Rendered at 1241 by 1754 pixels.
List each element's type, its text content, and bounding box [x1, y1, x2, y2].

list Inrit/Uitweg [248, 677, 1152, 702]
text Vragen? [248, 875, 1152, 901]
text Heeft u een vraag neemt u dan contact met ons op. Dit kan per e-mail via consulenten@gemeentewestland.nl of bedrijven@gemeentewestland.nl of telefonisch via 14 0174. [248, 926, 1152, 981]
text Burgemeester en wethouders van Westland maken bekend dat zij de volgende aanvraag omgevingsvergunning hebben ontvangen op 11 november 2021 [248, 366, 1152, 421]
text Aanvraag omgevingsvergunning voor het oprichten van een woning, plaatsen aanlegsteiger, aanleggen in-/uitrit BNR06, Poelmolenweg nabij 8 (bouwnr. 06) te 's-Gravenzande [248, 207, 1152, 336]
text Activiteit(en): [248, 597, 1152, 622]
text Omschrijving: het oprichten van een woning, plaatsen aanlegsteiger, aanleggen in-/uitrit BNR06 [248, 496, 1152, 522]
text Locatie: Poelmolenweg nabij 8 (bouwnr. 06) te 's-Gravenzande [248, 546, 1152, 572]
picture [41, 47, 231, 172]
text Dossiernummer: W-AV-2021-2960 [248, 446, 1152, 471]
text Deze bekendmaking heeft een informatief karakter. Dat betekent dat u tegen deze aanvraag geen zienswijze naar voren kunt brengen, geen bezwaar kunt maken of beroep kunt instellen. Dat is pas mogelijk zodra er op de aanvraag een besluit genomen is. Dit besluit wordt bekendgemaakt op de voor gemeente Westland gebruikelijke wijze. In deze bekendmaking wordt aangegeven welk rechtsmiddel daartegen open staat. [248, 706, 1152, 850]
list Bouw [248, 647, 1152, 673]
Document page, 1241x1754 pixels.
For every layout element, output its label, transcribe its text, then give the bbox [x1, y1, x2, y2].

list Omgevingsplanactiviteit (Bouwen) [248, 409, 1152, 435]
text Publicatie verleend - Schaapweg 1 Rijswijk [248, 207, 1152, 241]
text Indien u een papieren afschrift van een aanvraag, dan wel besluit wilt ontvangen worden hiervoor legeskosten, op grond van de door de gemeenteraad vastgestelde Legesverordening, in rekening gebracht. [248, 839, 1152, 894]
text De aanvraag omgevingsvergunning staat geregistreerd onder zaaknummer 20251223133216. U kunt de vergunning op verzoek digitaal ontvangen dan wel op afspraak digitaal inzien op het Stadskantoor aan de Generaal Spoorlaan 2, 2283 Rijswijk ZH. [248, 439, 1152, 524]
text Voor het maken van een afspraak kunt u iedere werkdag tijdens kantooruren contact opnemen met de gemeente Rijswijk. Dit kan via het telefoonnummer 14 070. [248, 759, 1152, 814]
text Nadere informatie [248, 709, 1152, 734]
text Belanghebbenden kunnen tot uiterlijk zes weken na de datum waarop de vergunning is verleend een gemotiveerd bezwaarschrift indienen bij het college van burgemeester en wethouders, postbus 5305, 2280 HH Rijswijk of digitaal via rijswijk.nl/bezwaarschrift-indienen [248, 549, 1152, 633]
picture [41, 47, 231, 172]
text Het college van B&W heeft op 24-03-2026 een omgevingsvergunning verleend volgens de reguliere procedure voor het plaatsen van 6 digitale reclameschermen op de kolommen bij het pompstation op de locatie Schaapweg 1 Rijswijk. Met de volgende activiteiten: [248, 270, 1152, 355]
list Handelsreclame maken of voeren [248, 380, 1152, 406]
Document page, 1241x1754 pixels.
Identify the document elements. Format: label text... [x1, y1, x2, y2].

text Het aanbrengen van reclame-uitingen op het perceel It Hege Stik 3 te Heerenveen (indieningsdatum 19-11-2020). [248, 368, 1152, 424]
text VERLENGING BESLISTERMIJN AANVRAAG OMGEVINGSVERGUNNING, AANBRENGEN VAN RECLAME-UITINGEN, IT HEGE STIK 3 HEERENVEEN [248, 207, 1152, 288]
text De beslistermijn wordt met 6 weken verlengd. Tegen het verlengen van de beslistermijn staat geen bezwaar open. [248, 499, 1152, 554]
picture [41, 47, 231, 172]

══════════

Looking at the data above, return every line from the one with "text Dossiernummer: W-AV-2021-2960" down to the one with "text Indien u", exactly and inclusively.

■ **ANSWER TO THIS EXERCISE**:
text Dossiernummer: W-AV-2021-2960 [248, 446, 1152, 471]
text Deze bekendmaking heeft een informatief karakter. Dat betekent dat u tegen deze aanvraag geen zienswijze naar voren kunt brengen, geen bezwaar kunt maken of beroep kunt instellen. Dat is pas mogelijk zodra er op de aanvraag een besluit genomen is. Dit besluit wordt bekendgemaakt op de voor gemeente Westland gebruikelijke wijze. In deze bekendmaking wordt aangegeven welk rechtsmiddel daartegen open staat. [248, 706, 1152, 850]
list Bouw [248, 647, 1152, 673]
Document page, 1241x1754 pixels.
For every layout element, output its label, transcribe its text, then give the bbox [x1, y1, x2, y2].

list Omgevingsplanactiviteit (Bouwen) [248, 409, 1152, 435]
text Publicatie verleend - Schaapweg 1 Rijswijk [248, 207, 1152, 241]
text Indien u een papieren afschrift van een aanvraag, dan wel besluit wilt ontvangen worden hiervoor legeskosten, op grond van de door de gemeenteraad vastgestelde Legesverordening, in rekening gebracht. [248, 839, 1152, 894]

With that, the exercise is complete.